A Bicentennial pageant, richly conceived and staged, has passed midpoint in its two-year progress on the CBS Television and Radio Networks. It's a pageant of great events, crucial issues, and extraordinary people.

"The American Parade," for example, is a series of prime time television specials that look back at the nation's triumphs and its problems. These include two views of civil rights: a biography of an early Black activist, Sojourner Truth, and "With All Deliberate Speed," documenting events which led up to the Supreme Court's 1954 decision ordering the integration of public schools...The celebration also presents the "Bicentennial Minutes," televised narrations of events that occurred two hundred years before, to the day..."Bicentennial Weekend Specials" on CBS Radio—thirty or more reports on each of twelve weekends, re-visiting America during the Revolution and recalling the nation's heritage and beliefs. The country's foremost philosopher-statesman is the subject of a full-length biography, "Benjamin Franklin," on television, and a twenty-six week presentation of "Poor Richard's Almanac" on radio. 
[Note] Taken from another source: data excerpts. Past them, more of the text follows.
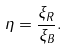<formula> <loc_0><loc_0><loc_500><loc_500>\eta = \frac { \xi _ { R } } { \xi _ { B } } .</formula> 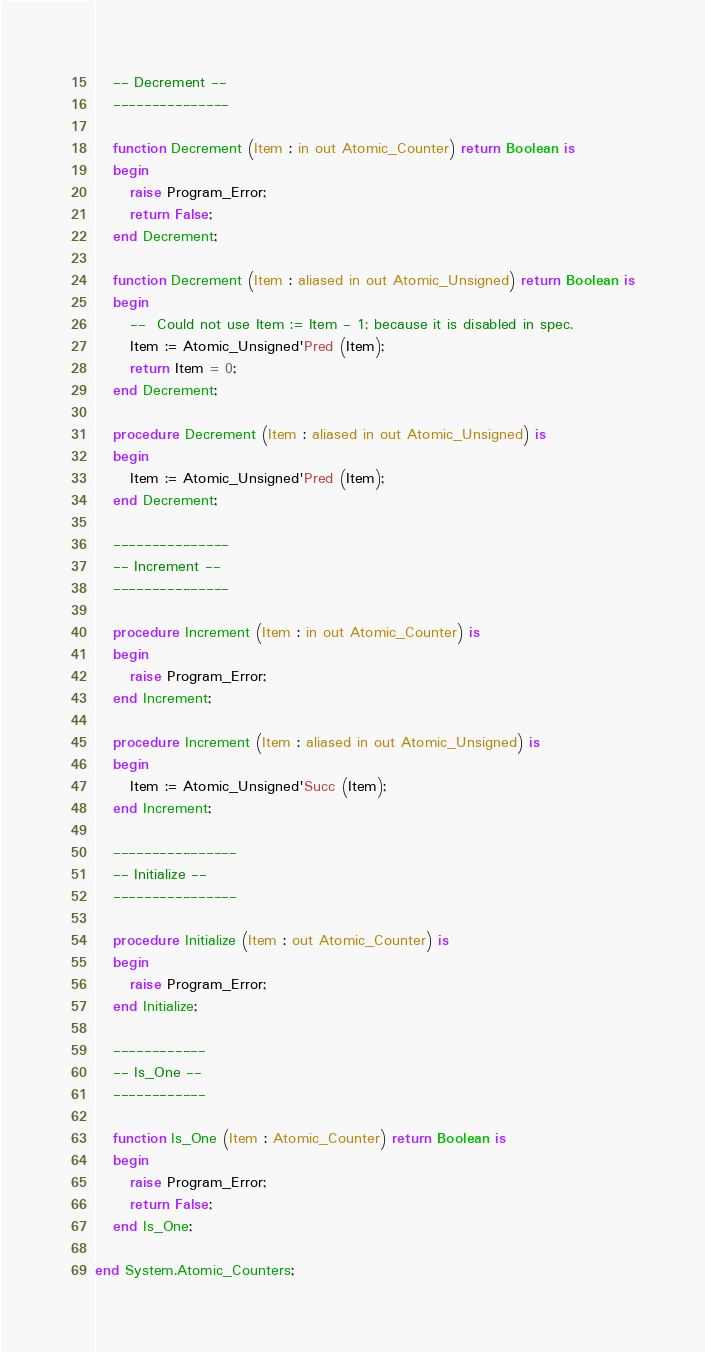<code> <loc_0><loc_0><loc_500><loc_500><_Ada_>   -- Decrement --
   ---------------

   function Decrement (Item : in out Atomic_Counter) return Boolean is
   begin
      raise Program_Error;
      return False;
   end Decrement;

   function Decrement (Item : aliased in out Atomic_Unsigned) return Boolean is
   begin
      --  Could not use Item := Item - 1; because it is disabled in spec.
      Item := Atomic_Unsigned'Pred (Item);
      return Item = 0;
   end Decrement;

   procedure Decrement (Item : aliased in out Atomic_Unsigned) is
   begin
      Item := Atomic_Unsigned'Pred (Item);
   end Decrement;

   ---------------
   -- Increment --
   ---------------

   procedure Increment (Item : in out Atomic_Counter) is
   begin
      raise Program_Error;
   end Increment;

   procedure Increment (Item : aliased in out Atomic_Unsigned) is
   begin
      Item := Atomic_Unsigned'Succ (Item);
   end Increment;

   ----------------
   -- Initialize --
   ----------------

   procedure Initialize (Item : out Atomic_Counter) is
   begin
      raise Program_Error;
   end Initialize;

   ------------
   -- Is_One --
   ------------

   function Is_One (Item : Atomic_Counter) return Boolean is
   begin
      raise Program_Error;
      return False;
   end Is_One;

end System.Atomic_Counters;
</code> 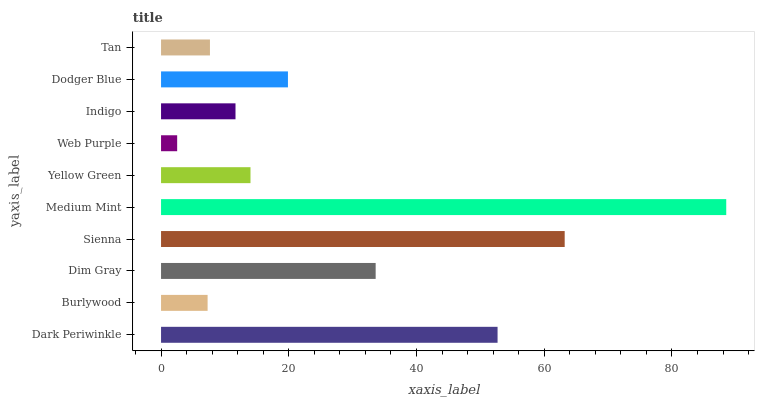Is Web Purple the minimum?
Answer yes or no. Yes. Is Medium Mint the maximum?
Answer yes or no. Yes. Is Burlywood the minimum?
Answer yes or no. No. Is Burlywood the maximum?
Answer yes or no. No. Is Dark Periwinkle greater than Burlywood?
Answer yes or no. Yes. Is Burlywood less than Dark Periwinkle?
Answer yes or no. Yes. Is Burlywood greater than Dark Periwinkle?
Answer yes or no. No. Is Dark Periwinkle less than Burlywood?
Answer yes or no. No. Is Dodger Blue the high median?
Answer yes or no. Yes. Is Yellow Green the low median?
Answer yes or no. Yes. Is Yellow Green the high median?
Answer yes or no. No. Is Dark Periwinkle the low median?
Answer yes or no. No. 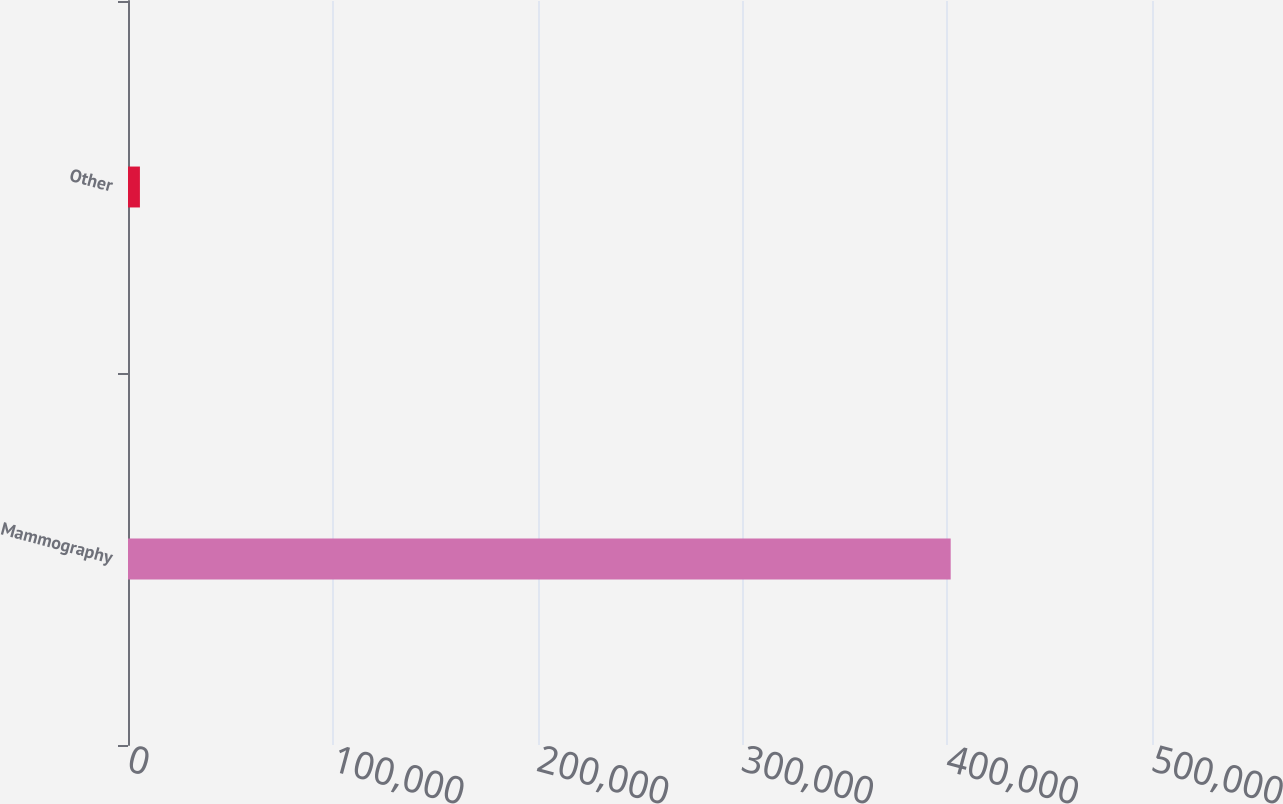<chart> <loc_0><loc_0><loc_500><loc_500><bar_chart><fcel>Mammography<fcel>Other<nl><fcel>401711<fcel>5817<nl></chart> 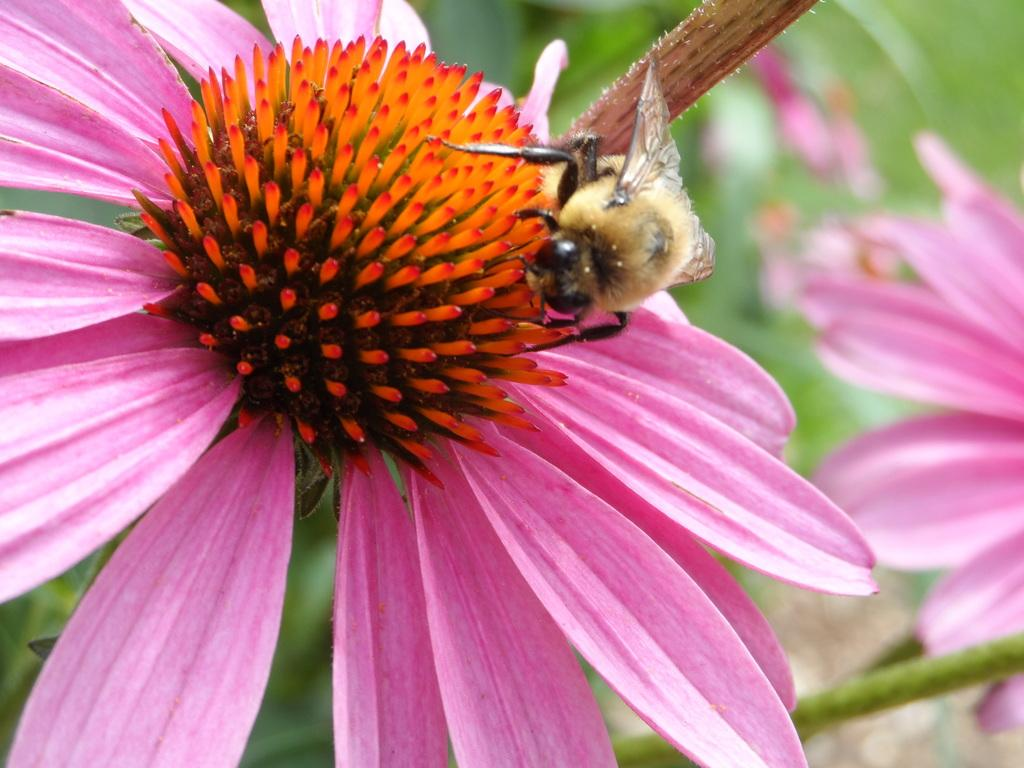What is the main subject of the image? There is a flower in the image. Can you describe the colors of the flower? The flower has pink and orange colors. Is there anything else present on the flower? Yes, there is an insect on the flower. Are there any other flowers visible in the image? Yes, there is another flower towards the right side of the image. What type of corn can be seen growing near the flower in the image? There is no corn present in the image; it features a flower with an insect and another flower nearby.

CBS chronicles two centuries with a leadership record in reporting the daily present. For past good and future promise, it's a story that evokes a nation's memory and will. The telling of it for the birthday of the world's oldest republic is best assurance for many happy returns.

LIGHT TWO HUNDRED CANDLES WITH THE TURN OF A DIAL

[[image - drawing of U.S. flags from 1783 to 1959]]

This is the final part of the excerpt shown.